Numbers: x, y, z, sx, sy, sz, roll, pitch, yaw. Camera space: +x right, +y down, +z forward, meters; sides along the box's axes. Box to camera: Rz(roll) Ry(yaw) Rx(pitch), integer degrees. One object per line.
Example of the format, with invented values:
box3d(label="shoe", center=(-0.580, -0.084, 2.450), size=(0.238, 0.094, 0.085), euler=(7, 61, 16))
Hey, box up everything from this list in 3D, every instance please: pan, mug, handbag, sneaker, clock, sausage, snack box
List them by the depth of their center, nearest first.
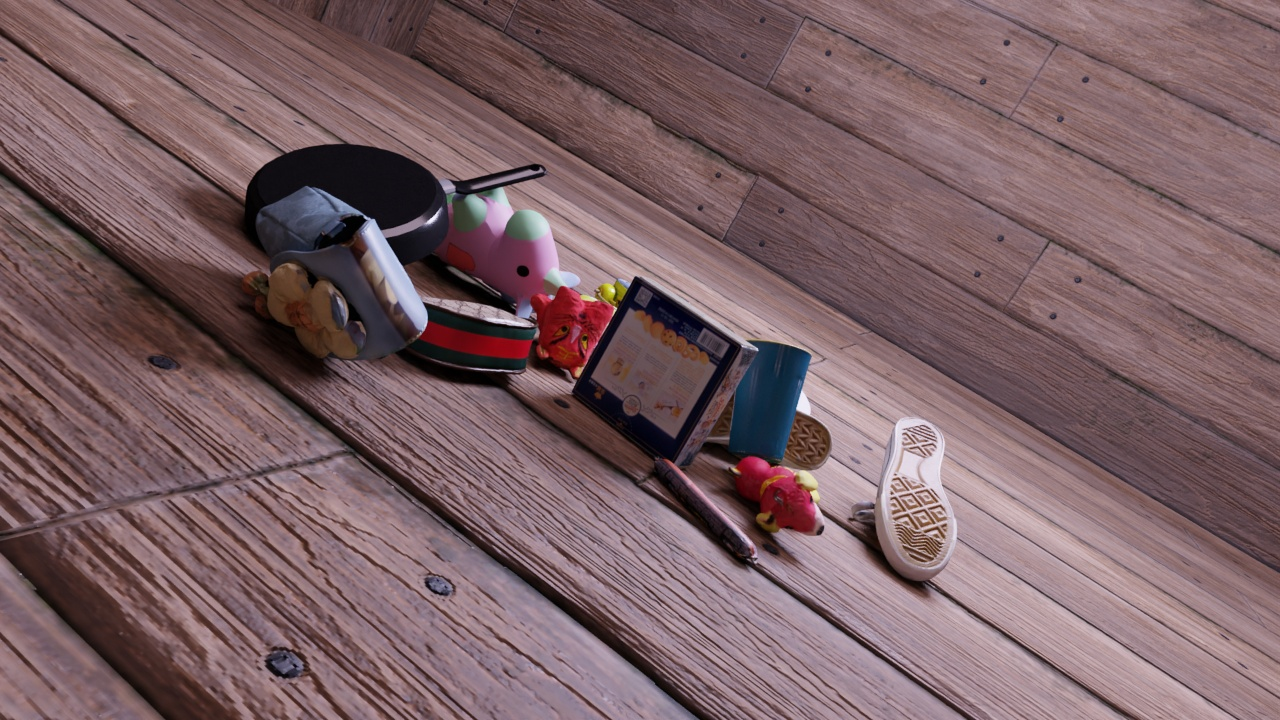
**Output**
box3d(label="handbag", center=(-0.262, -0.070, 0.757), size=(0.192, 0.118, 0.122), euler=(31, -29, 47))
box3d(label="sausage", center=(0.056, 0.133, 0.835), size=(0.020, 0.020, 0.155), euler=(14, 21, -46))
box3d(label="handbag", center=(-0.179, -0.035, 0.895), size=(0.138, 0.063, 0.166), euler=(27, 12, 33))
box3d(label="snack box", center=(0.022, 0.011, 0.931), size=(0.144, 0.145, 0.042), euler=(36, 15, 26))
box3d(label="mug", center=(0.134, 0.045, 0.986), size=(0.078, 0.121, 0.078), euler=(13, -8, 2))
box3d(label="pan", center=(-0.246, -0.187, 0.996), size=(0.354, 0.044, 0.204), euler=(-23, 51, -36))
box3d(label="sneaker", center=(0.306, 0.168, 1.056), size=(0.118, 0.088, 0.240), euler=(19, 38, 5))
box3d(label="sneaker", center=(0.108, 0.064, 1.059), size=(0.235, 0.087, 0.079), euler=(21, -8, -20))
box3d(label="clock", center=(-0.019, -0.080, 1.330), size=(0.083, 0.057, 0.119), euler=(40, 13, 30))

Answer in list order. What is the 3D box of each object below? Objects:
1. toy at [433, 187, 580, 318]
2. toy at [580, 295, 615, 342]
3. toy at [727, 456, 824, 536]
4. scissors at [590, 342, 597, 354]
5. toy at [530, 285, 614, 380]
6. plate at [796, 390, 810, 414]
box3d(label="toy", center=(-0.185, -0.135, 1.125), size=(0.223, 0.171, 0.119), euler=(3, 33, 40))
box3d(label="toy", center=(-0.055, -0.048, 1.195), size=(0.092, 0.043, 0.117), euler=(28, 16, -9))
box3d(label="toy", center=(0.136, 0.129, 0.924), size=(0.105, 0.067, 0.137), euler=(21, 7, -4))
box3d(label="scissors", center=(-0.005, 0.011, 1.073), size=(0.170, 0.014, 0.168), euler=(19, 15, 16))
box3d(label="toy", center=(-0.092, -0.025, 1.040), size=(0.088, 0.094, 0.133), euler=(18, -11, -11))
box3d(label="plate", center=(0.118, 0.008, 1.211), size=(0.242, 0.016, 0.242), euler=(22, 23, -10))
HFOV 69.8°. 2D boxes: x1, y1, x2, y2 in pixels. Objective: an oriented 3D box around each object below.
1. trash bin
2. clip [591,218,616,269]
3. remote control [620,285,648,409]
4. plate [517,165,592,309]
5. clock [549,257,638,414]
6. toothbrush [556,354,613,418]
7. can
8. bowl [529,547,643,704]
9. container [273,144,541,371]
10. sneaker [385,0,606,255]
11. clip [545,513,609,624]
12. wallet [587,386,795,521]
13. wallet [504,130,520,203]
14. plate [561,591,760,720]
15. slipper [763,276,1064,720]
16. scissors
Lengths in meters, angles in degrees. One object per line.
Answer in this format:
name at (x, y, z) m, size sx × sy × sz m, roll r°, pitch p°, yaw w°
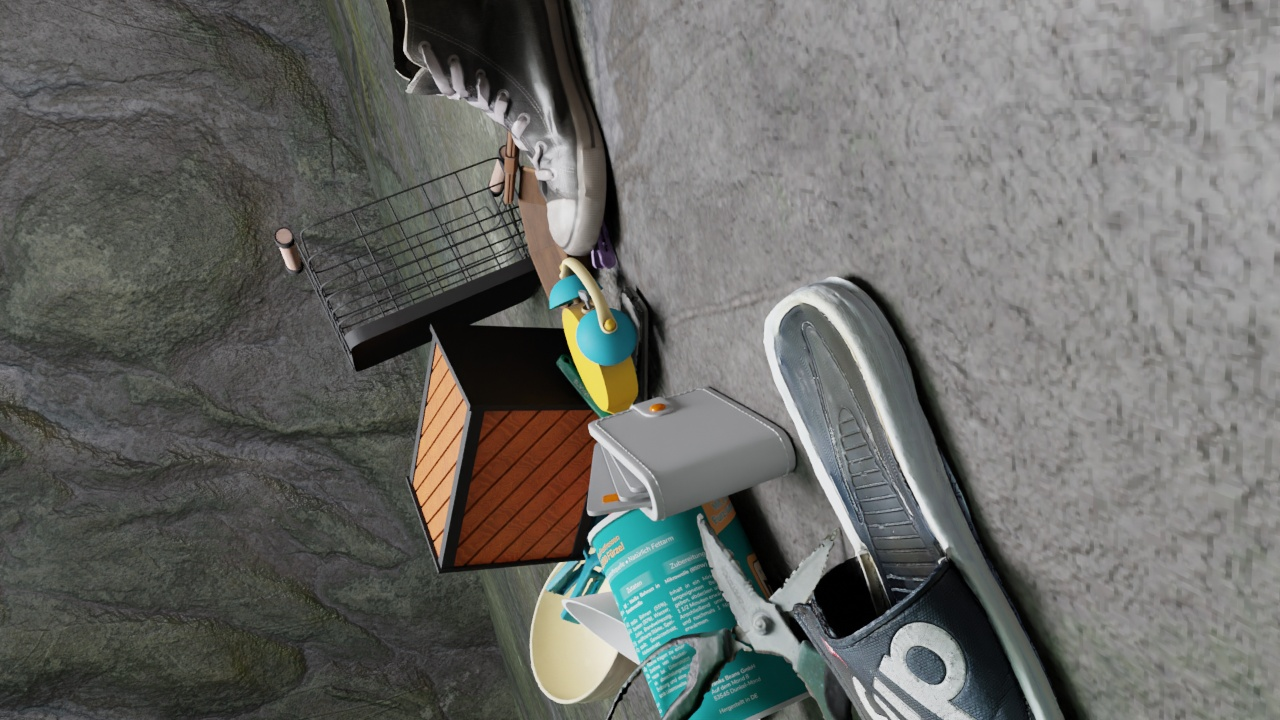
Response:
trash bin at (-0.120, 0.077, 0.843) m, size 0.139 × 0.139 × 0.172 m, roll 51°, pitch 133°, yaw 51°
clip at (-0.032, -0.095, 0.712) m, size 0.029 × 0.013 × 0.050 m, roll -175°, pitch 71°, yaw -70°
remote control at (-0.004, 0.004, 0.716) m, size 0.137 × 0.013 × 0.033 m, roll 92°, pitch 153°, yaw -43°
plate at (-0.073, -0.109, 0.798) m, size 0.131 × 0.025 × 0.131 m, roll 163°, pitch 90°, yaw -73°
clock at (-0.033, -0.015, 0.695) m, size 0.099 × 0.043 × 0.130 m, roll 51°, pitch 158°, yaw 49°
toothbrush at (-0.014, 0.055, 0.735) m, size 0.190 × 0.016 × 0.017 m, roll 47°, pitch 152°, yaw 34°
can at (0.039, 0.161, 0.587) m, size 0.099 × 0.099 × 0.144 m, roll 107°, pitch 142°, yaw -61°
bowl at (-0.035, 0.263, 0.900) m, size 0.151 × 0.075 × 0.150 m, roll -31°, pitch 46°, yaw 38°
container at (-0.217, -0.099, 0.916) m, size 0.130 × 0.241 × 0.163 m, roll 64°, pitch 162°, yaw 2°
sneaker at (-0.102, -0.182, 0.668) m, size 0.095 × 0.119 × 0.235 m, roll -153°, pitch 46°, yaw -67°
clip at (-0.048, 0.175, 0.883) m, size 0.130 × 0.030 × 0.120 m, roll -45°, pitch 43°, yaw 25°
wallet at (0.012, 0.057, 0.544) m, size 0.118 × 0.115 × 0.037 m, roll -149°, pitch 45°, yaw -65°
wallet at (-0.108, -0.204, 0.797) m, size 0.121 × 0.013 × 0.087 m, roll 112°, pitch 162°, yaw -63°
plate at (0.023, 0.217, 0.710) m, size 0.174 × 0.036 × 0.174 m, roll 28°, pitch 158°, yaw 12°
slipper at (0.103, 0.094, 0.397) m, size 0.111 × 0.063 × 0.263 m, roll 133°, pitch 121°, yaw -70°
scissors at (0.060, 0.189, 0.500) m, size 0.206 × 0.015 × 0.201 m, roll -43°, pitch 63°, yaw 22°
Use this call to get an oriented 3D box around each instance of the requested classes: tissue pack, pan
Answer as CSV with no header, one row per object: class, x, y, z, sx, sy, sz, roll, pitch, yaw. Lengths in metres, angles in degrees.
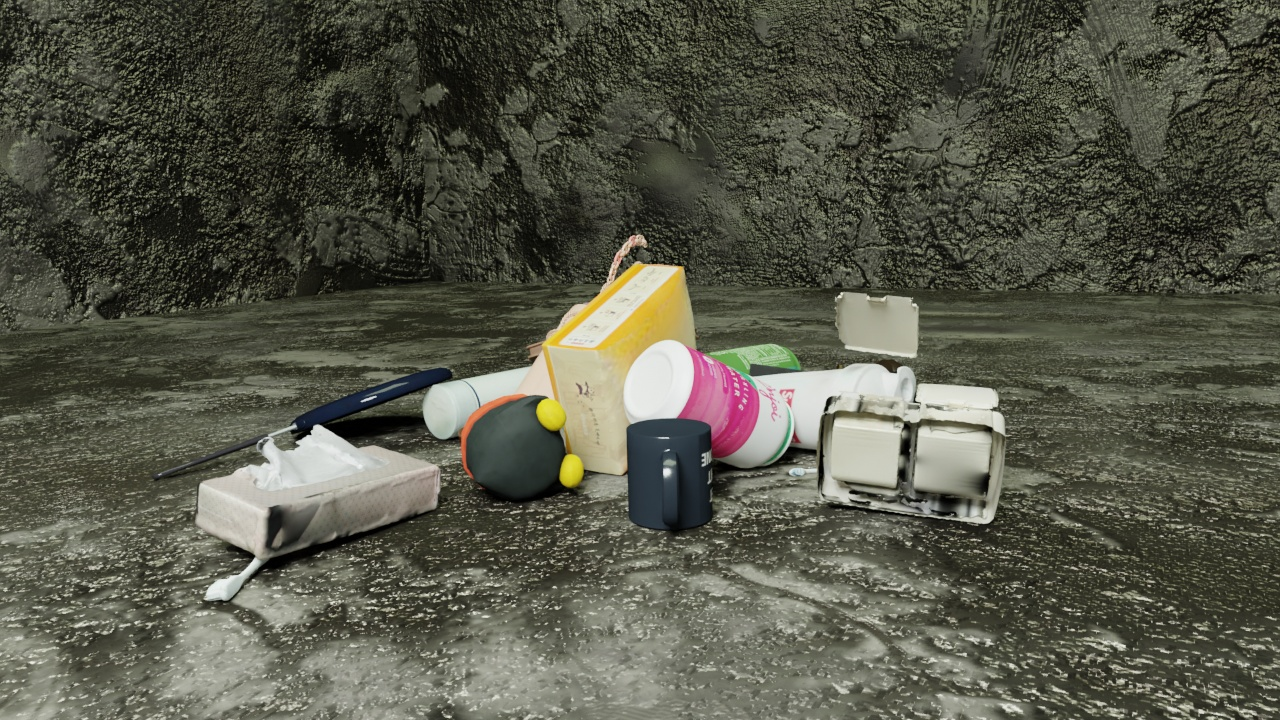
tissue pack,-0.264,0.102,0.759,0.104,0.071,0.181,14,15,32
pan,-0.376,0.067,1.051,0.355,0.021,0.199,-23,3,-44

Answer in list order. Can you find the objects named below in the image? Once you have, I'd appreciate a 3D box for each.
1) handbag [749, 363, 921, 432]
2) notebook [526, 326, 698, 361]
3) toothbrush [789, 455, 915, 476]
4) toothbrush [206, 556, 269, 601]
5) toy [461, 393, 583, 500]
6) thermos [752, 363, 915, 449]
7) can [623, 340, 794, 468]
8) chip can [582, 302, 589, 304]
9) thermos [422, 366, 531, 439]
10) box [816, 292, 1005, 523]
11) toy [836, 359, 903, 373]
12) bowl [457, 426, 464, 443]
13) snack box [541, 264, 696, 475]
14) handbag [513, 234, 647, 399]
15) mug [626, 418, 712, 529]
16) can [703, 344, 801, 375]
handbag,0.256,0.054,1.088,0.195,0.072,0.176,4,3,-42
notebook,-0.036,-0.025,1.349,0.211,0.022,0.169,-17,-17,21
toothbrush,0.229,0.100,0.872,0.185,0.022,0.024,-2,-7,-10
toothbrush,-0.289,0.145,0.716,0.017,0.012,0.186,-5,9,1
toy,-0.119,0.075,0.852,0.099,0.097,0.119,-23,24,-16
thermos,0.175,0.055,0.959,0.099,0.099,0.221,-10,5,-43
can,0.067,0.045,0.876,0.165,0.088,0.088,24,-8,-38
chip can,-0.010,0.004,1.151,0.073,0.073,0.233,-8,30,-34
thermos,-0.159,0.045,1.142,0.068,0.068,0.229,7,13,41
box,0.225,0.021,0.749,0.144,0.194,0.100,7,33,17
toy,0.307,0.025,1.204,0.100,0.062,0.076,12,-28,-6
bowl,-0.136,0.087,0.983,0.118,0.030,0.117,-1,9,0
snack box,-0.006,0.006,0.949,0.081,0.145,0.194,6,32,28
handbag,-0.075,-0.041,1.034,0.117,0.187,0.198,12,53,26
mug,0.024,0.096,0.754,0.071,0.077,0.105,-1,9,1
can,0.127,0.026,1.152,0.143,0.083,0.083,-9,12,-37
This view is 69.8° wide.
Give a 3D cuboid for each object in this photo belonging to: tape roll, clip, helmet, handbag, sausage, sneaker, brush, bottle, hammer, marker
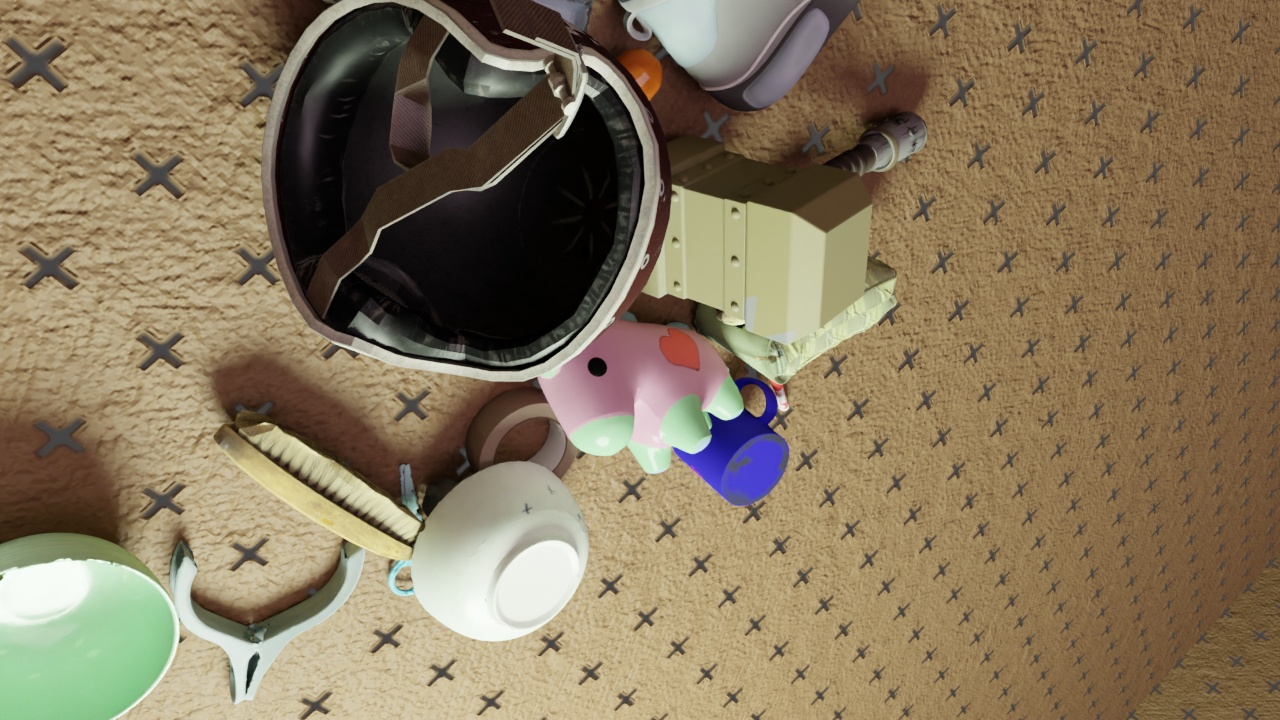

(Exercise requirements)
Tell how many lines in the data include the string "meters". Reply with the number and no other text.

(Answer section)
2